Background information
- Origin: Lviv, Ukraine
- Genres: Pop, Dance, House
- Years active: 2010–present
- Members: Tatyana Beck Alina Yaremina Khrystyna Suprunovych
- Past members: Martha Moh Yulia Ivashkiv Yana Snitkus Oksana Karpyak Tetyana Ivanov Kateryna Kukhareva Yulia Miskiv Sofia Kistruga Maria Ivaskevych Oksana Pidvyshenna Yana Zhigar Yulia Gutnyk Iryna Zakalyuzhna

= Mirami =

Ukrainian girl music group

Mirami (Мірамі) is a Ukrainian girl group that performs pop, dance, and house music. Formed in 2010, the band came to prominence due to the single "Sexualna", which was recorded with the rapper VovaZiLʹvova. While the group has always remained as an all-female trio, the composition has changed many times since its formation.
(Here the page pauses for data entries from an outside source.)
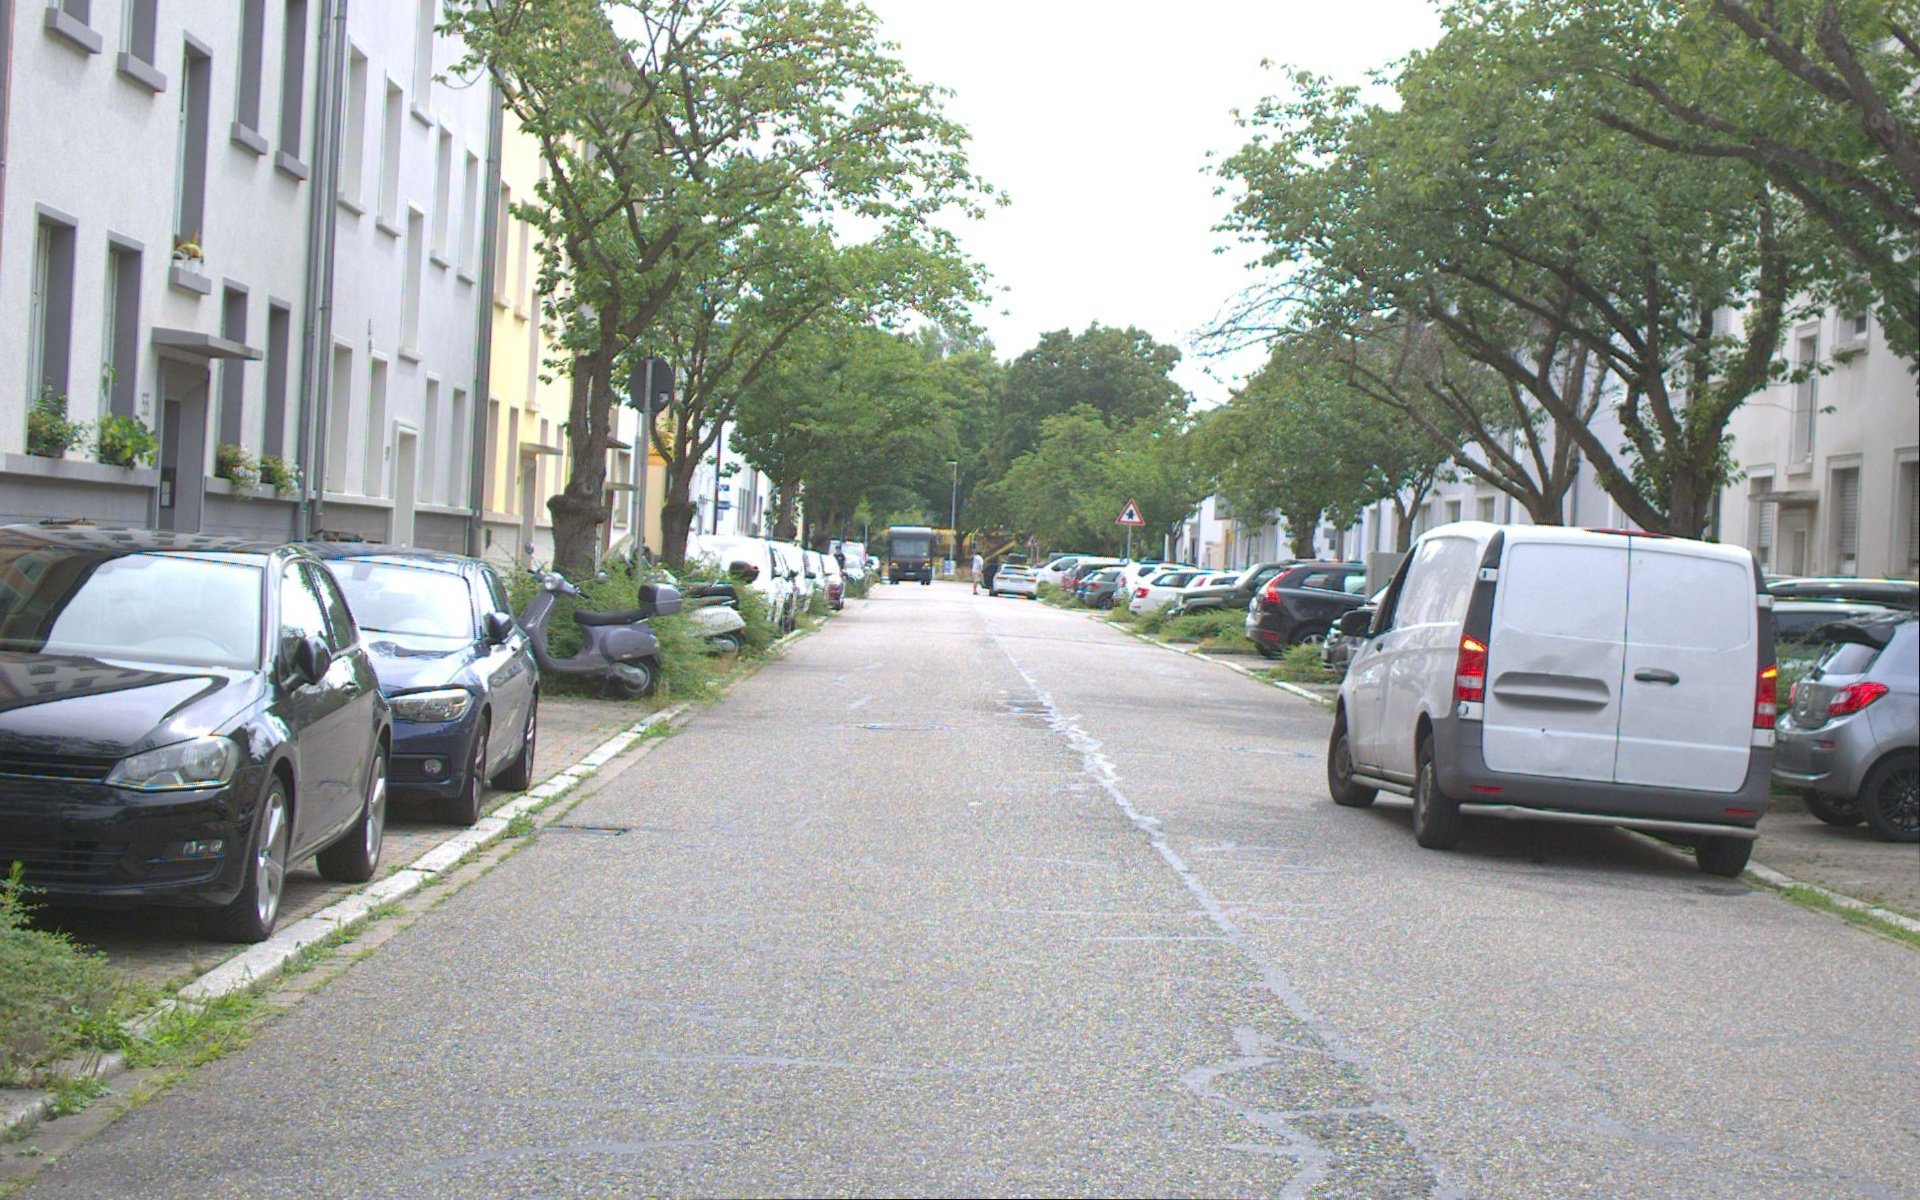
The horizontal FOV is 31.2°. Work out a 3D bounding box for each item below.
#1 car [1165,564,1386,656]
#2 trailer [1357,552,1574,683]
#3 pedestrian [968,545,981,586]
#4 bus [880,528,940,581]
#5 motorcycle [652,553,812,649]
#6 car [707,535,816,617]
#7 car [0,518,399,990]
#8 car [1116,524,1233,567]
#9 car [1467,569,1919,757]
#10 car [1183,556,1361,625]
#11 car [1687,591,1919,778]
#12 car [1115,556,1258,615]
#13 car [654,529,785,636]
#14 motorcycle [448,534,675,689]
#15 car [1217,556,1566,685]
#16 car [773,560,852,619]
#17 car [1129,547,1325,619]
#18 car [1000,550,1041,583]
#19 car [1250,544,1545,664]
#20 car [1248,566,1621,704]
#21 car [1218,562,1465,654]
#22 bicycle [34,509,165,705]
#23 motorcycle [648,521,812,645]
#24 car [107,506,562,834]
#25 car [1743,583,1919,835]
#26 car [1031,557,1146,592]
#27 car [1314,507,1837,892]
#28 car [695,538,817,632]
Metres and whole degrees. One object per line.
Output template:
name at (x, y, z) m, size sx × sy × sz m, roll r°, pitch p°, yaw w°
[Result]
car at (6.614, 0.195, 72.424) m, size 4.525 × 1.852 × 1.793 m, roll 1°, pitch 0°, yaw 2°
trailer at (7.263, 0.246, 49.595) m, size 2.961 × 1.825 × 1.400 m, roll 1°, pitch 0°, yaw 3°
pedestrian at (0.607, -1.452, 144.548) m, size 0.522 × 1.698 × 0.444 m, roll 1°, pitch 0°, yaw 3°
bus at (-2.691, -2.403, 182.848) m, size 3.004 × 2.752 × 8.925 m, roll 1°, pitch 0°, yaw -2°
motorcycle at (-2.851, 0.014, 43.090) m, size 1.905 × 1.187 × 0.597 m, roll 1°, pitch 0°, yaw -27°
car at (-3.942, -0.486, 68.851) m, size 1.918 × 1.576 × 4.382 m, roll 1°, pitch 0°, yaw 0°
car at (-3.383, 0.454, 13.251) m, size 1.836 × 1.479 × 4.094 m, roll 4°, pitch 0°, yaw -2°
car at (7.042, -1.780, 113.257) m, size 3.747 × 1.361 × 1.773 m, roll 1°, pitch 0°, yaw 1°
car at (6.503, 0.526, 29.633) m, size 3.987 × 1.531 × 1.638 m, roll 1°, pitch 0°, yaw -1°
car at (6.812, -0.213, 75.234) m, size 3.624 × 1.449 × 1.773 m, roll 1°, pitch 0°, yaw -4°
car at (7.967, 0.669, 27.334) m, size 3.987 × 1.415 × 1.638 m, roll 1°, pitch 0°, yaw -1°
car at (6.424, -0.413, 97.734) m, size 3.923 × 1.627 × 1.868 m, roll 1°, pitch 0°, yaw 1°
car at (-3.745, -0.281, 54.213) m, size 1.757 × 1.551 × 4.256 m, roll 2°, pitch 0°, yaw -1°
motorcycle at (-3.706, 0.108, 31.901) m, size 2.011 × 1.402 × 0.793 m, roll 1°, pitch 0°, yaw -11°
car at (5.564, 0.251, 44.637) m, size 4.214 × 1.592 × 1.904 m, roll 1°, pitch 0°, yaw -2°
car at (-3.827, -0.284, 89.738) m, size 1.877 × 1.481 × 4.512 m, roll 1°, pitch 0°, yaw 0°
car at (6.474, -0.413, 83.591) m, size 4.614 × 1.658 × 1.892 m, roll 1°, pitch 0°, yaw 1°
car at (2.546, -1.409, 145.305) m, size 1.687 × 1.349 × 3.826 m, roll 1°, pitch 0°, yaw 1°
car at (6.544, 0.050, 51.759) m, size 4.215 × 1.730 × 1.904 m, roll 1°, pitch 0°, yaw 2°
car at (5.733, 0.406, 41.879) m, size 4.214 × 1.592 × 1.904 m, roll 1°, pitch 0°, yaw -2°
car at (6.574, 0.133, 59.521) m, size 3.986 × 1.525 × 1.768 m, roll 1°, pitch 0°, yaw -3°
bicycle at (-6.071, 0.043, 24.335) m, size 0.429 × 1.329 × 1.811 m, roll 1°, pitch 0°, yaw 1°
motorcycle at (-3.346, -0.256, 49.831) m, size 0.936 × 1.670 × 2.473 m, roll 2°, pitch 1°, yaw -44°
car at (-3.371, 0.333, 19.289) m, size 1.836 × 1.479 × 4.121 m, roll 5°, pitch 0°, yaw -2°
car at (7.108, 0.699, 22.559) m, size 3.478 × 1.568 × 1.815 m, roll 1°, pitch 0°, yaw -1°
car at (5.733, -1.136, 153.504) m, size 4.974 × 1.513 × 1.769 m, roll 1°, pitch 0°, yaw -2°
car at (3.530, 0.513, 20.696) m, size 1.993 × 1.908 × 4.704 m, roll 4°, pitch 0°, yaw -2°
car at (-3.545, -0.253, 60.384) m, size 1.790 × 1.487 × 4.812 m, roll 3°, pitch 0°, yaw 0°

In April 2025, the band released a single titled Забуваю (Forgetting You), described in news coverage as an emotionally charged track about moving on and inner strength, supported by an official music video.

== Band composition ==

The band's lineup has changed several times. New vocalists were selected through casting.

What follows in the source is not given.